Database Indexing & Query Optimization
📖 Concept
Database indexing is one of the most impactful performance optimizations in system design. A well-placed index can turn a 30-second query into a 5-millisecond one. Understanding how indexes work helps you design schemas that perform well at scale.
How Indexes Work
Without an index, the database performs a full table scan — reading every row to find matches. An index is a separate data structure (usually a B-Tree or B+ Tree) that maintains a sorted reference to rows, enabling fast lookups.

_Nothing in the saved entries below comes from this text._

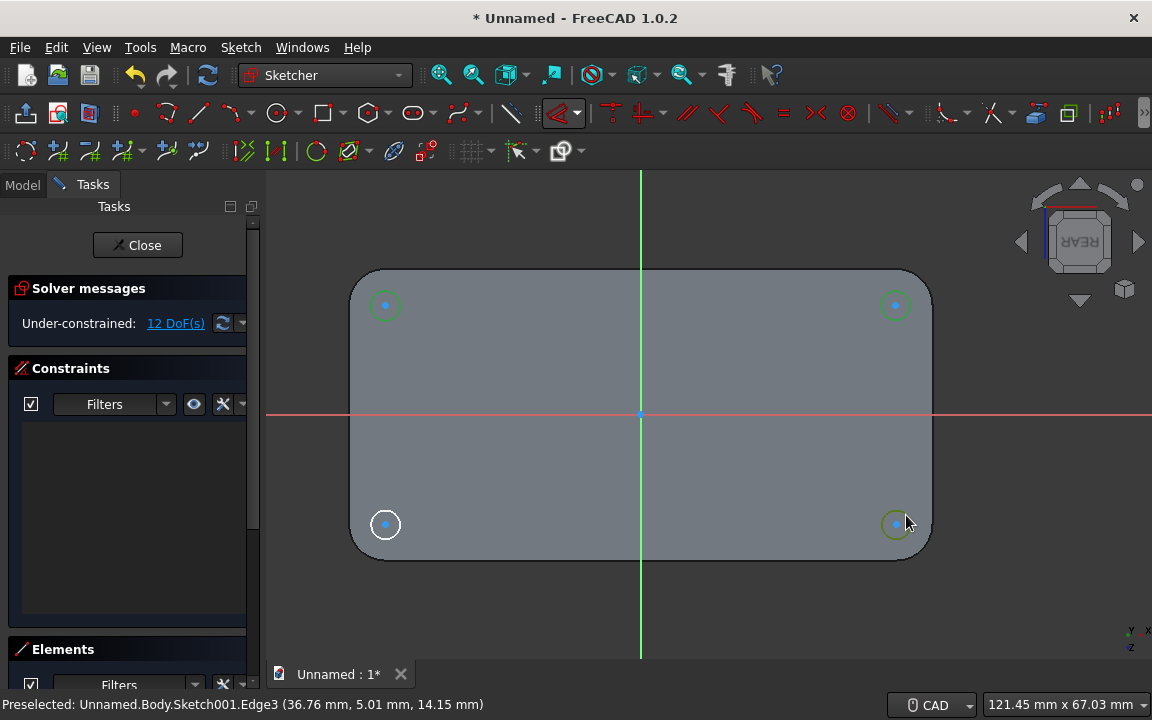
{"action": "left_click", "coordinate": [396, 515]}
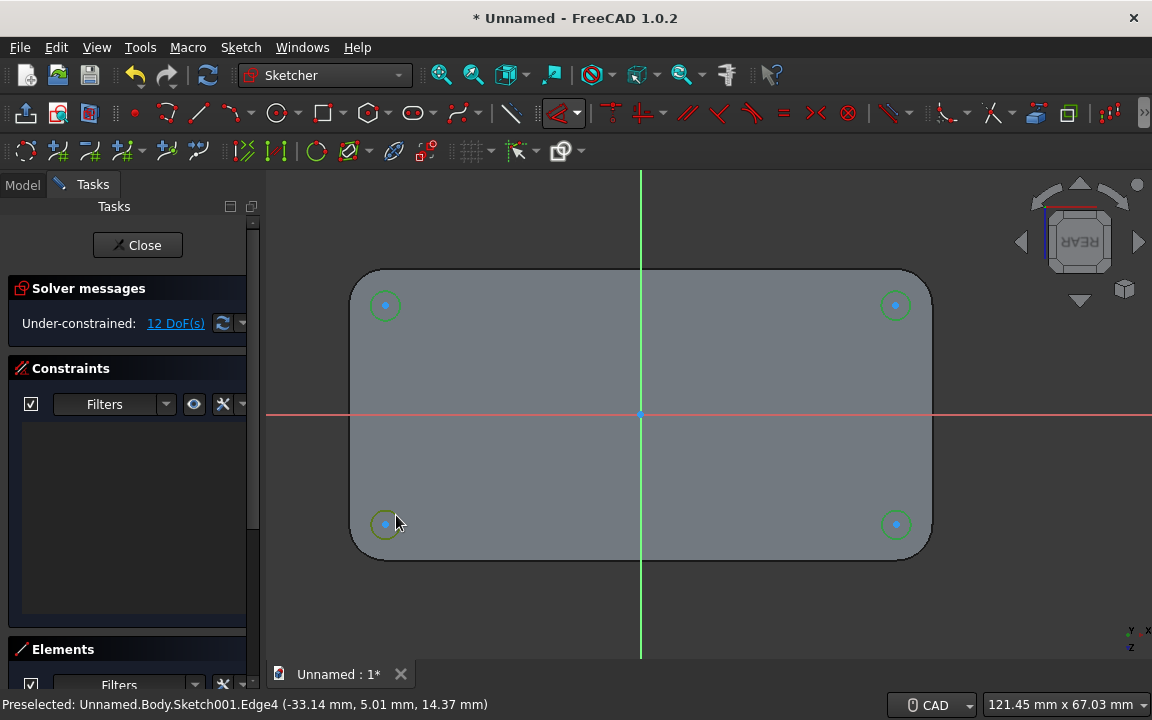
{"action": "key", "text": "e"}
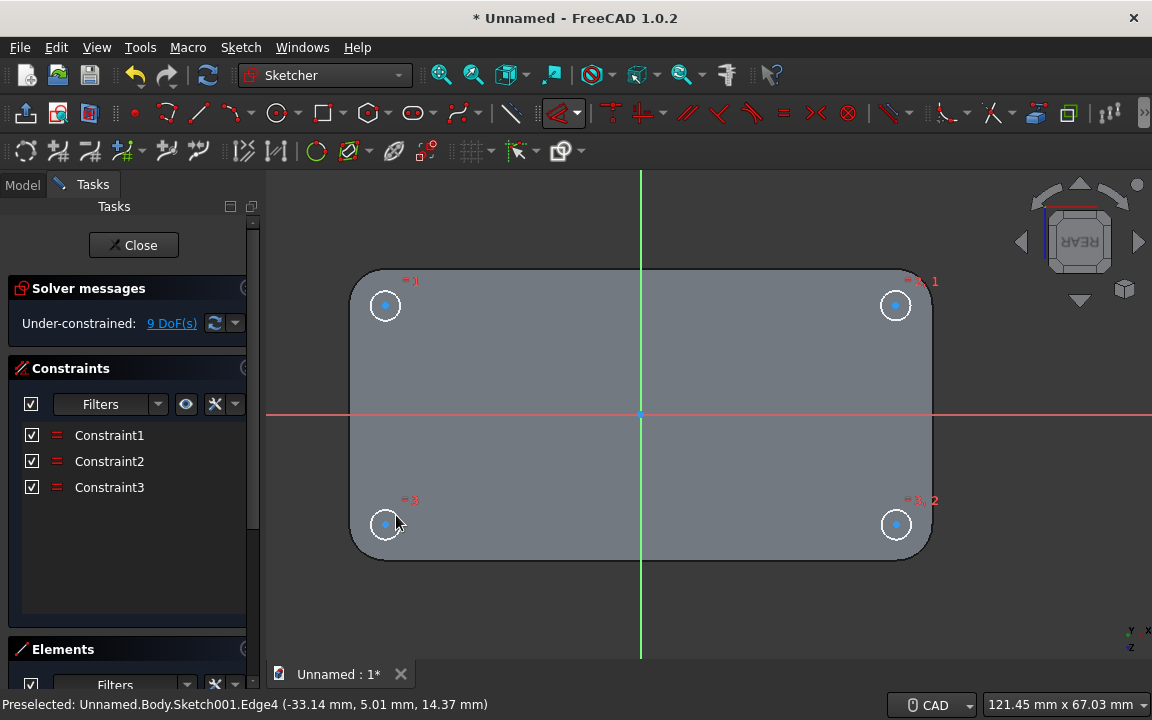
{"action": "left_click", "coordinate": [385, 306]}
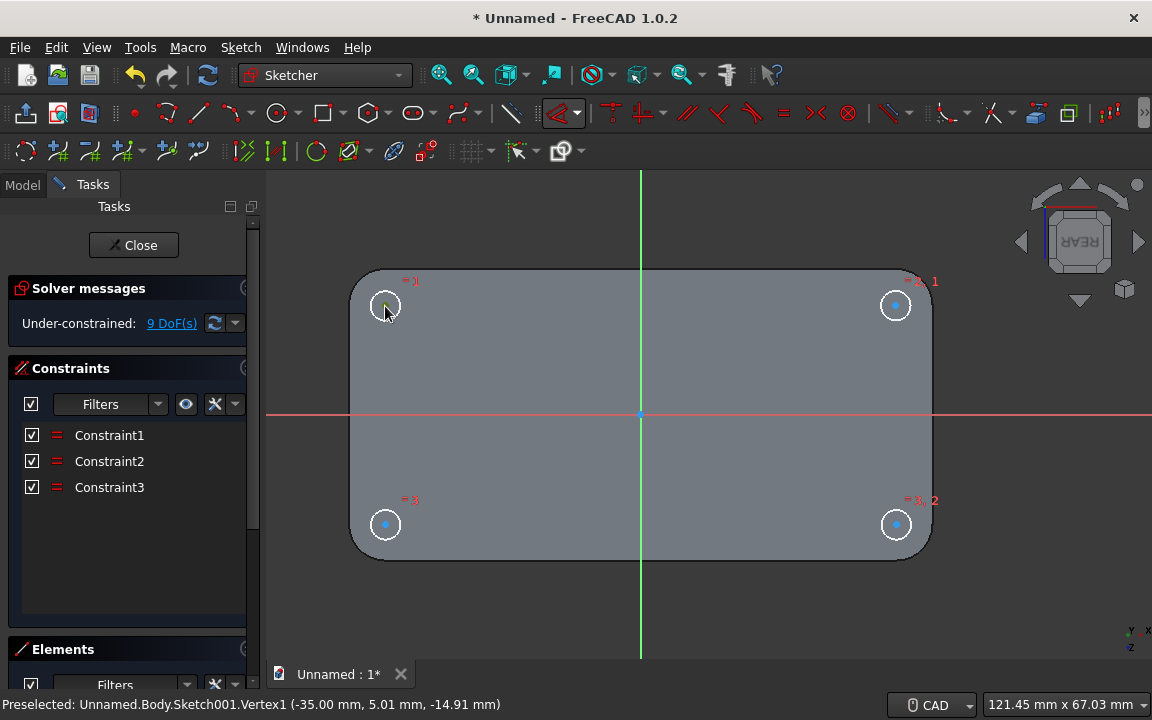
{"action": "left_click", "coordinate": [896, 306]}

B-Tree Index (Most Common)
| Operation | Without Index | With B-Tree Index |
|---|---|---|
Point lookup (WHERE id = 123) |
O(n) — scan all rows | O(log n) — tree traversal |
Range query (WHERE age > 25) |
O(n) | O(log n + k) where k = results |
| Insert | O(1) | O(log n) — must update index |
| Update indexed column | O(1) | O(log n) — must update index |
Index Types
| Type | Description | Use Case |
|---|---|---|
| B-Tree | Balanced tree, default for most DBs | General purpose, range queries |
| Hash | Direct key → location mapping | Exact-match lookups only |
| GIN (Generalized Inverted) | For multi-valued columns | Full-text search, JSONB, arrays |
| GiST (Generalized Search Tree) | For spatial/geometric data | Geographic queries, nearest-neighbor |
| BRIN (Block Range Index) | For naturally ordered data | Time-series, sequential IDs |
| Bitmap | Bit array per distinct value | Low-cardinality columns (status, gender) |
Index Design Principles
- Index columns you WHERE, JOIN, and ORDER BY on — not every column
- Composite indexes: Put high-cardinality columns first (e.g.,
(user_id, created_at)not(created_at, user_id)) - Covering indexes: Include all columns a query needs so the DB never touches the main table (index-only scan)
- Don't over-index: Each index slows down writes and consumes storage. 3-5 indexes per table is typical.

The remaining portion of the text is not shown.